Emanuela Struffolino
speaks about self-reported health among lone mothers. Do employment and education matter?
Emanuela Struffolino is postdoctoral fellow of the Research Unit "Demography and Inequality" at WZB - Berlin Social Science Center. She earned a PhD in Sociology in 2014 at the University of Milano-Bicocca. She has been awarded the journal Population’s first Young Author’s Prize
(Interview conducted in March 2016)
Why did you decide to work on lone mothers?
Single-parent households are an interesting subject from the perspective of family sociology and social inequalities for many reasons. Even if the share of men who raise alone one or more children below the age of 18 is increasing as a consequence of the diffusion of the shared custody, lone parents are mostly women. However, their socio-economic profile has become more heterogeneous in the recent cohorts. In fact, the age range at which women experience the transition to lone motherhood has become wider and the distribution of lone mothers across educational levels has increased. These chances can be traced back to the increase in divorce and separation that now are coupled with first biths out of partnership and widowhood as reasons for experiencing lone parenthood. As a consequence, lone mothers’ engagement in paid work has become more diverse due to varying degrees of labor market attachment for different educational groups. Lone mothers are at high risk of suffering from poor health and are more likely to be unemployed and live in poverty, which are both factors associated with poor health. However, the additional burdens to the reconciliation of family and work can as well trigger additional disadvantages in different life domains for lone mothers who are main/sole breadwinners and caregivers.
Does Switzerland - where your survey took place – display specific characteristics?
Switzerland is an extremely interesting case study, because of the weak work-family reconciliation policies and marriage-based taxation that discourage female labor market participation. The level of public spending for early childhood care in Switzerland is one of the lowest in OECD comparisons, and translates into the parents being required to bear more than 80% of the costs even in public childcare (even though differences exist among Cantons). Relatively widespread welfare schemes against poverty can affect lone mothers’s labor market participation in two ways: either they represent a buffer against immediate and urgent economic needs or they may discourage lone mothers from taking on paid work with unfavorable labor market prospects. In particular, lone mothers face great difficulty in accessing full-time paid care to keep a low paying job, either because of lack of childcare places or because of high costs. Relying on social assistance may appear to be a good strategy, especially for less-educated lone mothers, to optimize scarce economic and time resources in the short run. However, depreciation of both social capital and skills during long periods of unemployment can undermine future employability prospects. In this context, for lone mothers employment can be associated with better health because it eases the potential economic hardship driven by being the principal earner. However, working can represent an additional stress factor due to lone mothers’ responsibility as sole/main caregiver.
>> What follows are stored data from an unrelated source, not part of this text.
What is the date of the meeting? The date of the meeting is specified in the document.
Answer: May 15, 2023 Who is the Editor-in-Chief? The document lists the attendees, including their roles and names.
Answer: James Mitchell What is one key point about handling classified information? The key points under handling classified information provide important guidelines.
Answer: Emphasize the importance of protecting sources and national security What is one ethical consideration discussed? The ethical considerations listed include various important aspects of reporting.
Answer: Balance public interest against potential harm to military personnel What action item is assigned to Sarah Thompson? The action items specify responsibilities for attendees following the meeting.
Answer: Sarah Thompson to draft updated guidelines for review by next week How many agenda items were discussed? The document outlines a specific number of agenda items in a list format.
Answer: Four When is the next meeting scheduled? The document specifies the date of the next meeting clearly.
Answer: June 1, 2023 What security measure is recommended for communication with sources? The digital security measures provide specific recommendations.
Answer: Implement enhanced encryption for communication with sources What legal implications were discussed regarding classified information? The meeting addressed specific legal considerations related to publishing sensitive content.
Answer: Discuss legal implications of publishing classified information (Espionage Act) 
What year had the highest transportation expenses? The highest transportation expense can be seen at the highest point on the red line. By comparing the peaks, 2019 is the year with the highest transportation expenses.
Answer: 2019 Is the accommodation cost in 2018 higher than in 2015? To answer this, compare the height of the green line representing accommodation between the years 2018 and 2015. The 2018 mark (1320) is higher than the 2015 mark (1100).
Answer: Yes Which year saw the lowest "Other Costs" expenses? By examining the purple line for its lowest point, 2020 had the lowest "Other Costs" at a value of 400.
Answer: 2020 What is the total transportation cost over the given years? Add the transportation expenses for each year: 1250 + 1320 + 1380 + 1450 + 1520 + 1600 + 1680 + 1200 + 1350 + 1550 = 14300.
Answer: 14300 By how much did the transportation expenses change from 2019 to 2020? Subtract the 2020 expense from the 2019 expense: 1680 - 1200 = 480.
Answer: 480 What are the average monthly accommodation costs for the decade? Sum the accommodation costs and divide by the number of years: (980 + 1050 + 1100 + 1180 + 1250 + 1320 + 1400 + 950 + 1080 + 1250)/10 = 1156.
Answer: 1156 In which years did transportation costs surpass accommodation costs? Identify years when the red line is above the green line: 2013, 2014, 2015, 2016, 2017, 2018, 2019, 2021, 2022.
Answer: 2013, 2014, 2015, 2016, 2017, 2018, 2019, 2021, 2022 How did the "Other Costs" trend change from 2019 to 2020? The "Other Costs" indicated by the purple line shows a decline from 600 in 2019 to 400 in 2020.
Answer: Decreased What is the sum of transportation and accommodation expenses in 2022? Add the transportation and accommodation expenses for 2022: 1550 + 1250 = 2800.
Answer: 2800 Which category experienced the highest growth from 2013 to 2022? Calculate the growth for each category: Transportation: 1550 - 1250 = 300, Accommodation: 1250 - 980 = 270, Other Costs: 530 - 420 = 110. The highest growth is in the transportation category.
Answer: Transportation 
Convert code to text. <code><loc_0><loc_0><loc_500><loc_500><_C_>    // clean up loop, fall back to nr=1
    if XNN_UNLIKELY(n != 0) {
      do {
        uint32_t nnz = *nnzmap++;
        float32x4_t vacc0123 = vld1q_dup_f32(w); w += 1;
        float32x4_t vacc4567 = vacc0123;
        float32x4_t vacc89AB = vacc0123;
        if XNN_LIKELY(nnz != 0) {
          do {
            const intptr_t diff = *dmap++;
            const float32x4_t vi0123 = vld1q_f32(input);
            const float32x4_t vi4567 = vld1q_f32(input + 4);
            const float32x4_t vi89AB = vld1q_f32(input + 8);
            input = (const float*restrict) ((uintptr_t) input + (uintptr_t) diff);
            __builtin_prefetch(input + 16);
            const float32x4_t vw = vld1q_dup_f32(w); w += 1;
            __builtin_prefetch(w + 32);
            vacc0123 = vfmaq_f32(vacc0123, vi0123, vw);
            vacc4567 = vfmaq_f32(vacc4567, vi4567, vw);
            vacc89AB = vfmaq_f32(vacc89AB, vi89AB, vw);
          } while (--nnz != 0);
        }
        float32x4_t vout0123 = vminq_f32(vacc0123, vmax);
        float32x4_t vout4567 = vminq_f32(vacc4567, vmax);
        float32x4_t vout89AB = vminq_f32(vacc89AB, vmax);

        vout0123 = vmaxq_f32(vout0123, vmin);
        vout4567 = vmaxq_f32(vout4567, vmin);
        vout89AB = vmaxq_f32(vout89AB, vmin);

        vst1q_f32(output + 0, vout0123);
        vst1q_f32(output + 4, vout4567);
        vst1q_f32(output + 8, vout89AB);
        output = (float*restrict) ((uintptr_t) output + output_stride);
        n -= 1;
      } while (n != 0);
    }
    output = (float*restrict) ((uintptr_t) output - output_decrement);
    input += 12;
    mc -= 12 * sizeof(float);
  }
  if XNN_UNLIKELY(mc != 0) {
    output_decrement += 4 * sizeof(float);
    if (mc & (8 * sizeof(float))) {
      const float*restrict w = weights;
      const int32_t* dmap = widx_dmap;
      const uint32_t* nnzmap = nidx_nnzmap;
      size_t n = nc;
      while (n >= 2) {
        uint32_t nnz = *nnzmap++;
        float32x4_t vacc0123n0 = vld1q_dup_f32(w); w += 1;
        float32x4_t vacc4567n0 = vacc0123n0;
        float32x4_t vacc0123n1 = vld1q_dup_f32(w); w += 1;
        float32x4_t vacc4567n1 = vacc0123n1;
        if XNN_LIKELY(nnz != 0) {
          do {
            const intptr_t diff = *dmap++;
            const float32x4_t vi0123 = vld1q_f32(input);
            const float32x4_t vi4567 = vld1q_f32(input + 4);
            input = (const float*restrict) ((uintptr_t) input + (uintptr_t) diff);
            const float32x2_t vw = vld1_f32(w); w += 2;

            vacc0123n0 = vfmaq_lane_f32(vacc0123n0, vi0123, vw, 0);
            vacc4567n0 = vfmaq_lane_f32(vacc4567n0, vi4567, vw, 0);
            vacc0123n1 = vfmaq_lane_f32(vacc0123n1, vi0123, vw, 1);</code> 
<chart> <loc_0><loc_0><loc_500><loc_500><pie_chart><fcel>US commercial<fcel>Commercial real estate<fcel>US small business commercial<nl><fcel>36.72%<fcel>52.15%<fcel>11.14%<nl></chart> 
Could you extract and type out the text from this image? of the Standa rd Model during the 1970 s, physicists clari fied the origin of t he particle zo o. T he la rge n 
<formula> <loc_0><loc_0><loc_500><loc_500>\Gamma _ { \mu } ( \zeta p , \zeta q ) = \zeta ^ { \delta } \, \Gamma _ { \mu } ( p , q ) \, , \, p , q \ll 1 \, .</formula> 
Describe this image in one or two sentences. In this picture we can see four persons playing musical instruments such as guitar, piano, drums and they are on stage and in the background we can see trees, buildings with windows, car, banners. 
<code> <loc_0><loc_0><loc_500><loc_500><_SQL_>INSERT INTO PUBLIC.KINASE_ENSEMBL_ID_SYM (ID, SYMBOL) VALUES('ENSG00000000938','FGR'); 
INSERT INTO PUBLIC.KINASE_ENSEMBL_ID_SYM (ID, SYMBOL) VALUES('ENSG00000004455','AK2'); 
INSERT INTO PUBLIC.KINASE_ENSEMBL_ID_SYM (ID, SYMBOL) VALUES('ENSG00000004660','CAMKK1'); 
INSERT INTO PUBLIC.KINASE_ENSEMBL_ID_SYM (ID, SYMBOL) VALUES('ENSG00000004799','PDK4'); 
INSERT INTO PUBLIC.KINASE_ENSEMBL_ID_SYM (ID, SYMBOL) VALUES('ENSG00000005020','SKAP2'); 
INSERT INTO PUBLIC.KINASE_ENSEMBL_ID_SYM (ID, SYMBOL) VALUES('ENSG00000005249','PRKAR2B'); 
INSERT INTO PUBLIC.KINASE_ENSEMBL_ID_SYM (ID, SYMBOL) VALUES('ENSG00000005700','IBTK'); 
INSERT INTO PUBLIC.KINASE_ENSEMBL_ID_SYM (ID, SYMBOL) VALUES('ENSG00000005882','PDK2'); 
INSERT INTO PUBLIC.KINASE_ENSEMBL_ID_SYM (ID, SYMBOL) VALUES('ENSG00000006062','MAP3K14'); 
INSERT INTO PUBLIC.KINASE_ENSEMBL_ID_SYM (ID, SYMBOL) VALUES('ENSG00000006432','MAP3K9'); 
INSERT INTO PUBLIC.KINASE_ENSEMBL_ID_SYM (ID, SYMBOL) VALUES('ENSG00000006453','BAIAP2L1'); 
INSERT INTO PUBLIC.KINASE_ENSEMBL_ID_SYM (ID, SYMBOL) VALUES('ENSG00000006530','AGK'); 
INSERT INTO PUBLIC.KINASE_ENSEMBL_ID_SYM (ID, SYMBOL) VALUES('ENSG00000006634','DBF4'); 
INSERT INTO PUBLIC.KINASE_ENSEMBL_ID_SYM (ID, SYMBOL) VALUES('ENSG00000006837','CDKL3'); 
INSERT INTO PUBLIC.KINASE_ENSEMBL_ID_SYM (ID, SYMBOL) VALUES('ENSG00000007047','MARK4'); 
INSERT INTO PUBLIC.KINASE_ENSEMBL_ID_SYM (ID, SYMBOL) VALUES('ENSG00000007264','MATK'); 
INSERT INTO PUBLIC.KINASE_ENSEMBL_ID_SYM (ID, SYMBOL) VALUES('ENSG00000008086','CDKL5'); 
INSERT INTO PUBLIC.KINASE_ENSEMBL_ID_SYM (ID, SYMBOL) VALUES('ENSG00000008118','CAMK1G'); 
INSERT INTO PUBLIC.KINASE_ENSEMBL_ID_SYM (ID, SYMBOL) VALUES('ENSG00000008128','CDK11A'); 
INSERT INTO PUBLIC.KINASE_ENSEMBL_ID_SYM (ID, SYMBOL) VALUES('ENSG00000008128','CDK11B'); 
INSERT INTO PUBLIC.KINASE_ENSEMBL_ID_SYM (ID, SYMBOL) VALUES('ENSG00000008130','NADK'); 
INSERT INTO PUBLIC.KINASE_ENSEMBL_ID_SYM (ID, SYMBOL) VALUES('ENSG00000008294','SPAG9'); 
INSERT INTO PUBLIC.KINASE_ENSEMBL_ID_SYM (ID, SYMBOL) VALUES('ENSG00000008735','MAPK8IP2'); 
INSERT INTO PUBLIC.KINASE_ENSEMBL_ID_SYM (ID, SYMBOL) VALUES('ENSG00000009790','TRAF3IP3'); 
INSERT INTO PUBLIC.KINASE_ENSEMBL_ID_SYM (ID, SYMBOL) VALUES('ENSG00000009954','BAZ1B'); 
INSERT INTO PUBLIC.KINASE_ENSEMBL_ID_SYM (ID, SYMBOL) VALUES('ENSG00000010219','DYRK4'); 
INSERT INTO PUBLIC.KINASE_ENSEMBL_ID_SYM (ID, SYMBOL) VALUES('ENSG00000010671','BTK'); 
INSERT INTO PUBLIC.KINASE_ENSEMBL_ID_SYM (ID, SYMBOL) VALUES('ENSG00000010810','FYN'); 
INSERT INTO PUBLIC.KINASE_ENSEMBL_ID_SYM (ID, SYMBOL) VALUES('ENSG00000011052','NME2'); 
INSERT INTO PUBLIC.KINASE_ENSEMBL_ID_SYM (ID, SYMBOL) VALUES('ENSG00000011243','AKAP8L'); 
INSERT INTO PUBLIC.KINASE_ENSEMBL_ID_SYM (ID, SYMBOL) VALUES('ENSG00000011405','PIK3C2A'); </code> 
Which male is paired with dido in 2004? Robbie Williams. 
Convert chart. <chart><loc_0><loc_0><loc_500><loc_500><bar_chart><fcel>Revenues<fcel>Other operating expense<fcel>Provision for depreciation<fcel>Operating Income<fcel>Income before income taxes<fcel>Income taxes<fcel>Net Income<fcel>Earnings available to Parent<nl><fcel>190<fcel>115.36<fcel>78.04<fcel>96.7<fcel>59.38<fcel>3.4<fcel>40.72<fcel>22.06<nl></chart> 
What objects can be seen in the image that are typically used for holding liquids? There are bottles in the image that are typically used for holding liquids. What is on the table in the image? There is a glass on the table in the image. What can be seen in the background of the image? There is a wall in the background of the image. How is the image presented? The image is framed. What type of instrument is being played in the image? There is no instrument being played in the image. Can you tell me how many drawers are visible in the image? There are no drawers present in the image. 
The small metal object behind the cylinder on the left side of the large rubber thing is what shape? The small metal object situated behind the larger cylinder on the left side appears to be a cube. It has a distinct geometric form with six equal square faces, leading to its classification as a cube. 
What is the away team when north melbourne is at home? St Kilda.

What is the link between health and (un)employment for lone mothers in Switzerland ?
We found that in the Swiss context lone mothers, especially those who do not work, have poorer health than partnered mothers. This association is partially explained by the fact that lone mothers tend to have a lower income. Our results suggest that in Switzerland while financial provision and support are ensured for the weakest mothers heading a single-parent household, those who are less likely to rely on welfare support and at the same time have a low level of bargaining power on the labour market compared to highly educated (signalled by their part-time participation and relatively poor qualifications) represent a potentially vulnerable group suffering from specific health disadvantages. Future research shall explore to which extent such effects are driven by the institutional, financial, social, and time resources available to lone parents to fulfil their double role and by the uncertain prospects in the labour market.